(Data records):
═══
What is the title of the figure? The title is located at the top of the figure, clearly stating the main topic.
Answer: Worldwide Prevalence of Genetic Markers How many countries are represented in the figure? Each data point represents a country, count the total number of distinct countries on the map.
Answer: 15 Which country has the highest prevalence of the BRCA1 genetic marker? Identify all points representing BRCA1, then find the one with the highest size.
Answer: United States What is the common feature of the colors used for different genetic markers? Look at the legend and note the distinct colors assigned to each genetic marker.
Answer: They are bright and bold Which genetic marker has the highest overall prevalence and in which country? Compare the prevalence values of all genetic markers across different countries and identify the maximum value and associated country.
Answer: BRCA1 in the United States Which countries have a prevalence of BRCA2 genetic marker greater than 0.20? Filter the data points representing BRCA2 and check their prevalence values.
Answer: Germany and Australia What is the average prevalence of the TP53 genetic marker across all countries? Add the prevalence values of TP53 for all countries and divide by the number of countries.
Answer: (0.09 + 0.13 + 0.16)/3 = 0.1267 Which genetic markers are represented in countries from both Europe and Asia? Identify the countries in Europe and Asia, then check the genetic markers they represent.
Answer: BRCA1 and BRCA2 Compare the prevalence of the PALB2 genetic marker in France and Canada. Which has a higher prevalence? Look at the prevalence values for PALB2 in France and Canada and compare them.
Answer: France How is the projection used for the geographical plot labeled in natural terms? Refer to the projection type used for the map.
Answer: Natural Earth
═══
(Task):
Answer with the exact lines running from the one that contains "Answer: France How" through the last line of the data. Include no other line.

(Response area):
Answer: France How is the projection used for the geographical plot labeled in natural terms? Refer to the projection type used for the map.
Answer: Natural Earth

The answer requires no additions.